The claimant suffered a 4 month cervical spine whiplash injury. Prior to the issue of proceedings, the claimant had made a global Pt 36 offer in the sum of £2,362.35 and the defendant had made a global Pt 36 offer in the sum of £1,900. The defendant beat her offer. Sarah successfully argued that the claimant’s single pre-issue offer was highly unrealistic (approx £2,000 for generals for a bare 4-month whiplash) and therefore the claimant had failed to comply with the pre-action protocol by not entering into any genuine negotiations. She further contended that to further the over-riding objective, the court had to disallow all the claimant’s costs because to allow even predictive costs would give the claimant what they would have received had the protocol been complied with.

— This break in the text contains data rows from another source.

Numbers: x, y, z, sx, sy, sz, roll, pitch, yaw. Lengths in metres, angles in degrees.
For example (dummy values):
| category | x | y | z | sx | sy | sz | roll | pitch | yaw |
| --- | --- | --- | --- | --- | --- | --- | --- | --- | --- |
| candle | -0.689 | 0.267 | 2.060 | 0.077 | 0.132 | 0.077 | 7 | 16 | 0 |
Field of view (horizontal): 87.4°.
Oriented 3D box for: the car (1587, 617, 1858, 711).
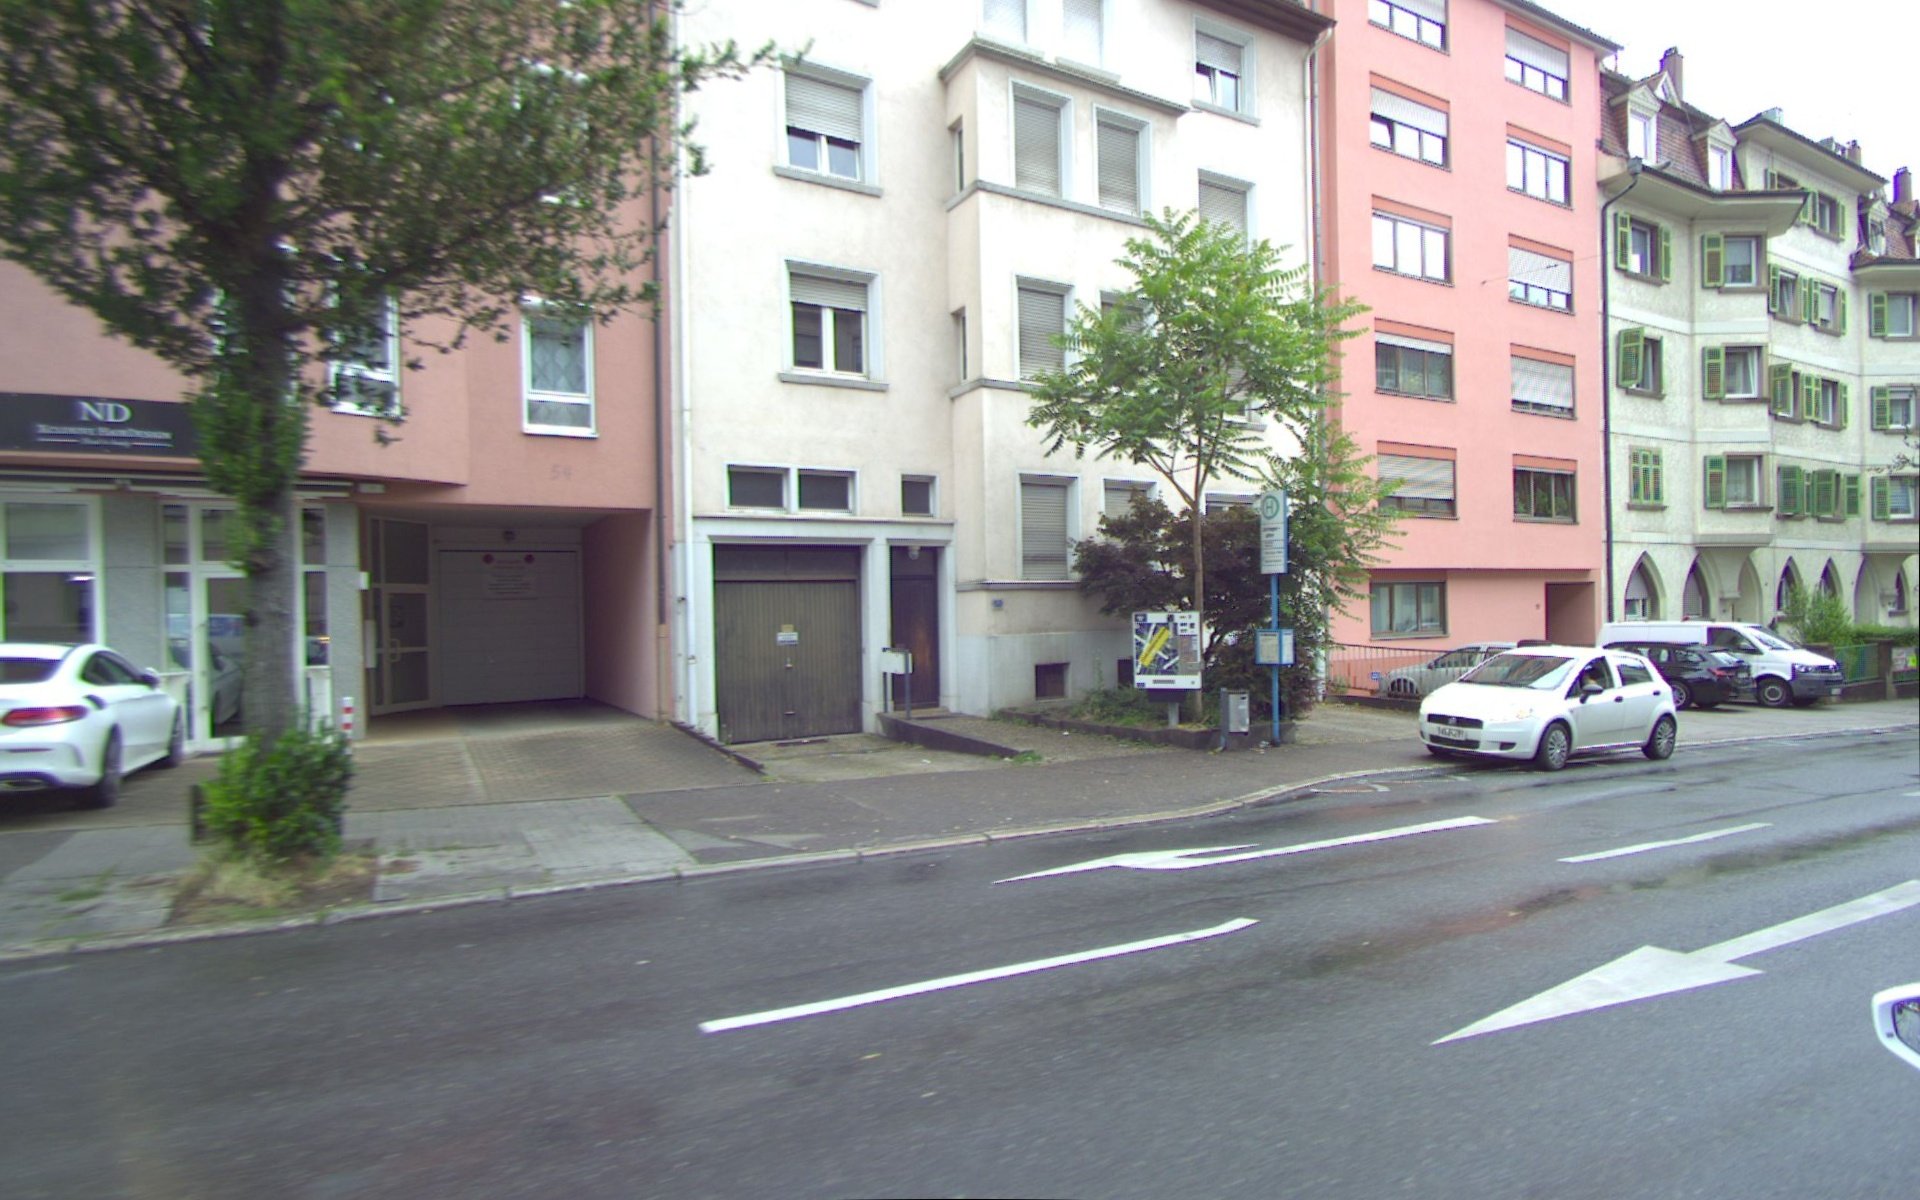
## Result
| category | x | y | z | sx | sy | sz | roll | pitch | yaw |
| --- | --- | --- | --- | --- | --- | --- | --- | --- | --- |
| car | 18.167 | 1.479 | 24.231 | 2.023 | 2.000 | 4.808 | 1 | -2 | -29 |

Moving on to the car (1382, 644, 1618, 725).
| category | x | y | z | sx | sy | sz | roll | pitch | yaw |
| --- | --- | --- | --- | --- | --- | --- | --- | --- | --- |
| car | 10.888 | 1.642 | 20.488 | 1.775 | 1.476 | 3.854 | 2 | -3 | -37 |

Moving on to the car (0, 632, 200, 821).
| category | x | y | z | sx | sy | sz | roll | pitch | yaw |
| --- | --- | --- | --- | --- | --- | --- | --- | --- | --- |
| car | -8.568 | 1.031 | 9.361 | 1.747 | 1.419 | 4.528 | 1 | -3 | -29 |

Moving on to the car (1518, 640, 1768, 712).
| category | x | y | z | sx | sy | sz | roll | pitch | yaw |
| --- | --- | --- | --- | --- | --- | --- | --- | --- | --- |
| car | 15.468 | 1.663 | 23.008 | 1.772 | 1.470 | 4.409 | 1 | -3 | -31 |

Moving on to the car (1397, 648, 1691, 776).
| category | x | y | z | sx | sy | sz | roll | pitch | yaw |
| --- | --- | --- | --- | --- | --- | --- | --- | --- | --- |
| car | 7.829 | 1.385 | 13.407 | 3.956 | 1.465 | 1.614 | 1 | -2 | -29 |
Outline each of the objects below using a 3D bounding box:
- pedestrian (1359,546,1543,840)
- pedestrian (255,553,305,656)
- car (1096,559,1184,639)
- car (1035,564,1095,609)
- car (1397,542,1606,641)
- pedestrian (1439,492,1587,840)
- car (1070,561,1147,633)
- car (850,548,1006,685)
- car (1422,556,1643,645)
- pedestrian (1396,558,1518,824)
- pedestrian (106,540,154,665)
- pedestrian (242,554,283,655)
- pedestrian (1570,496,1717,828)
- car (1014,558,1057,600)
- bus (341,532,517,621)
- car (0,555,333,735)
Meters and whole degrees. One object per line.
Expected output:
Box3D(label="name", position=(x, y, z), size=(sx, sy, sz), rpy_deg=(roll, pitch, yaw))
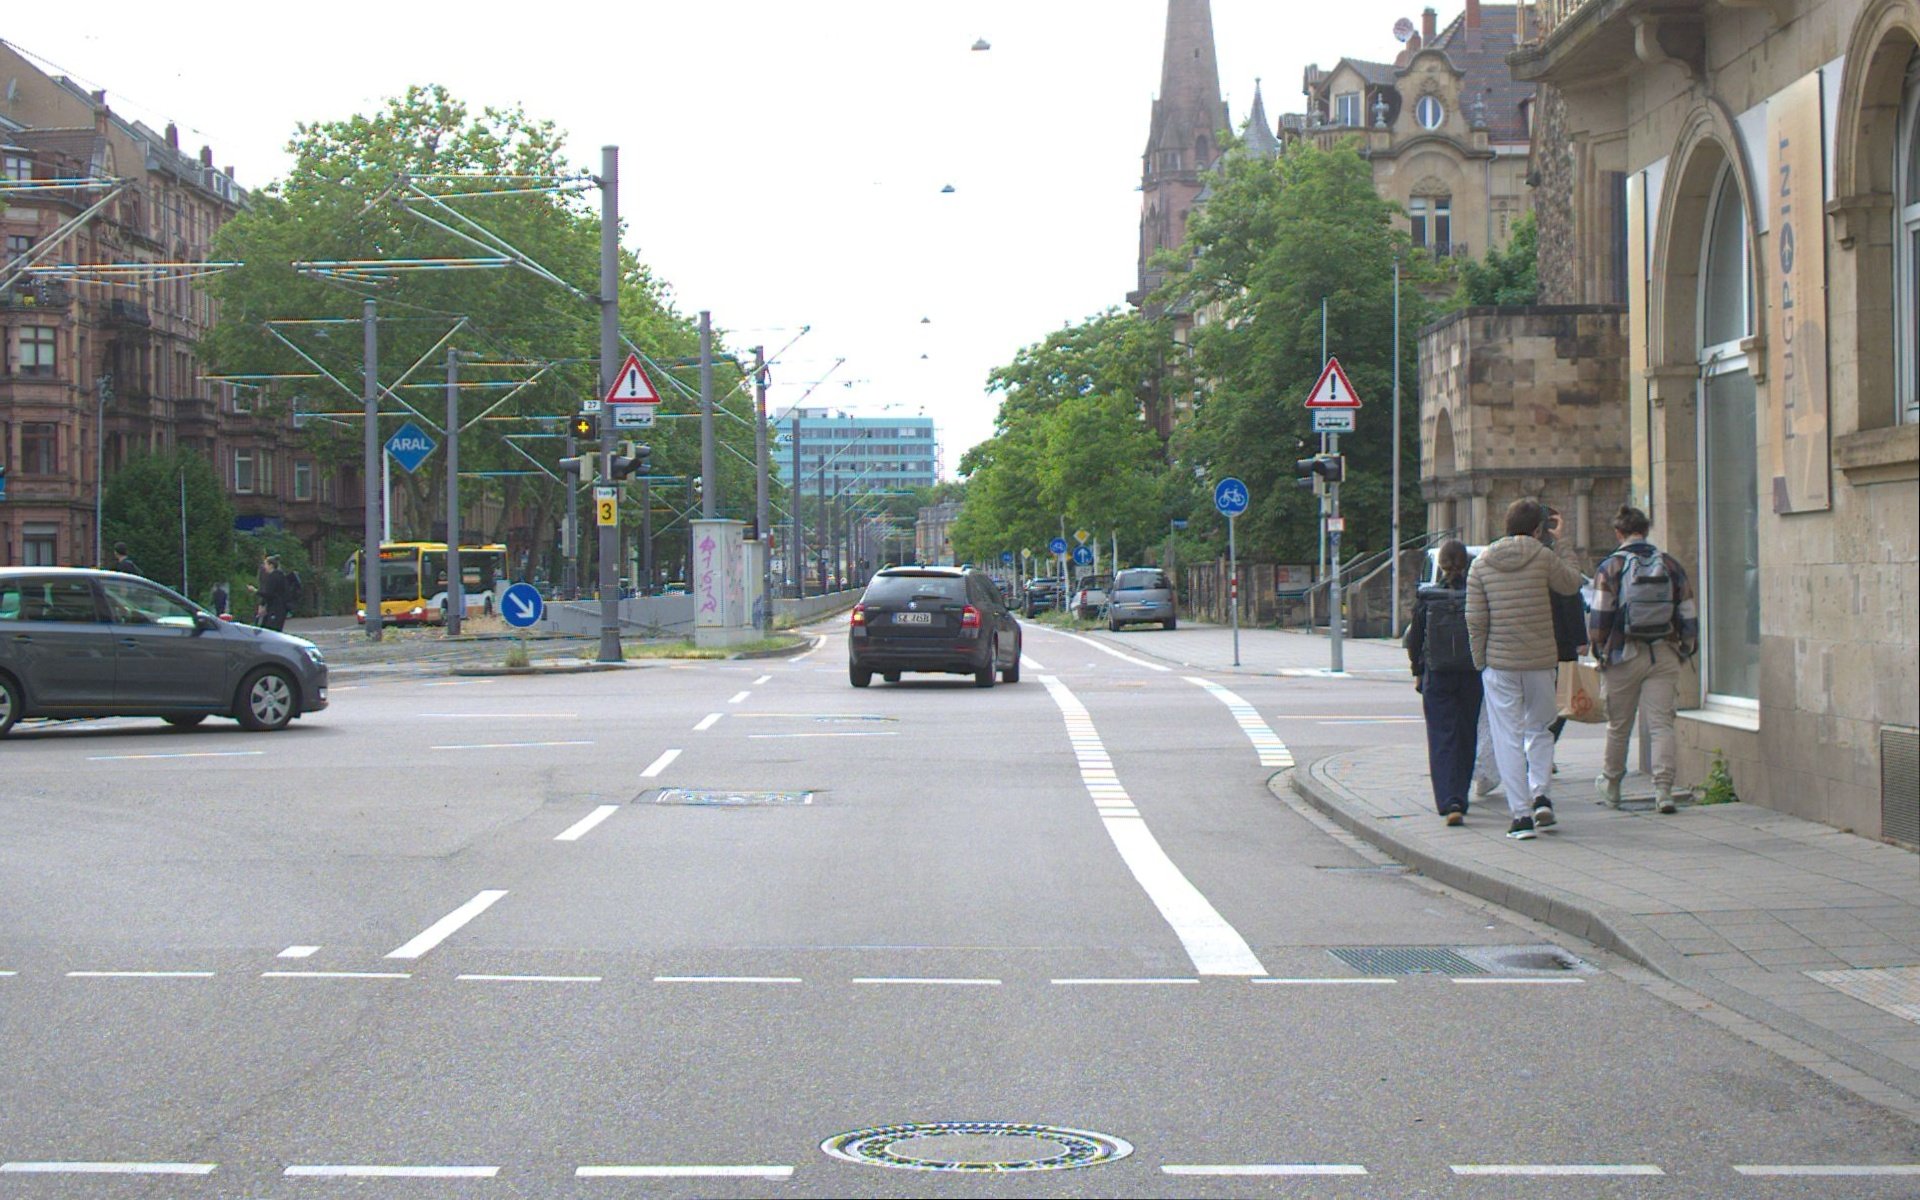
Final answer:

The judge held that the claimant’s offer was wholly unrealistic and they had not complied with the rules and pre-action protocol wholeheartedly. The claimant could not recover her costs for up to 21 days after D’s offer, which would normally apply, nor even predictive costs, but only the medical report disbursement. This was because of the claimant’s unrealistic stance pre-issue on a bare four-month whiplash and her failure to comply with the protocol. Also, her costs schedule was, on any view, inflated.
Yvonne Hazel Painting v University of Oxford (2005) [2005] EWCA Civ 161, Haywood v Haywood (2006) LTLPI 2/6/2006, Smith v Chantelle Irving (2006) LTLPI 26/2/2007, Mark Chatburn v Spicer (2007) LTLPI 19/6/2007 and Jamil v Harling (2007) LTLPI 18/3/2008 considered.
R (on the application of Newham London Borough Council) v Stratford Magistrates' Court [2008] EWHC 125 (Admin), [2008] RA 108, [2008] All ER (D) 17 (Jan) [2008]
On judicial review Sarah successfully argued in the RCJ that the Magistrates’ Court had erred in setting aside liability orders which had been made 2½ - 5½ years earlier. The lower court should have had regard to the principle of finality of litigation; if a defendant's case was a liability order should be set aside and the delay in applying was because he had only very recently learnt of its existence, the court had to investigate how long that notice was. It was insufficient to say it would be in the interests of justice to set aside a liability order.
Postscript: The matter was re-listed by the Magistrates in July 2009. The Magistrates Court found that Mr Dublin had failed to make his application sufficiently promptly from when he had knowledge of the liability orders.
Jamil v Harling (2007) LTLPI 18/3/2008
Sarah successfully resisted an application by the claimant to accept the defendant’s payment in out of time, whilst still retaining Pt 36 costs protection. Also the claimant advanced a head of claim for which there was no evidence. The judge held the solicitors for the claimant should have come off the record once it became apparent they could not support this head of claim. Sarah successfully argued the claimant should not recover any costs because of their poor conduct. The court ordered the claimant was not entitled to any costsor disbursements, not even up to 21 days before the defendant’s payment in, and the claimant had to pay all the defendant’s costs.
Instructed by Philip Dearden, Ashton Morton Slack, Sheffield (Now part of Horwich Farrelly.)
Smith v Chantelle Irving (2006) LTLPI 26/2/2007
Sarah successfully argued no costs should be awarded to the successful claimant in a disposal hearing because of the conduct of the claimant’s solicitors. The court held the claimant’s solicitors had grossly over-valued the claim and failed to enter into real negotiations having only made one unrealistic offer before issue. Further, the claimant’s costs were exaggerated and difficult to justify. The court ordered a partner from the claimant’s solicitors to file and serve a witness statement explaining their conduct to the judge.
Instructed by Philip Dearden, Ashton Morton Slack, Sheffield (Now part of Horwich Farrelly.)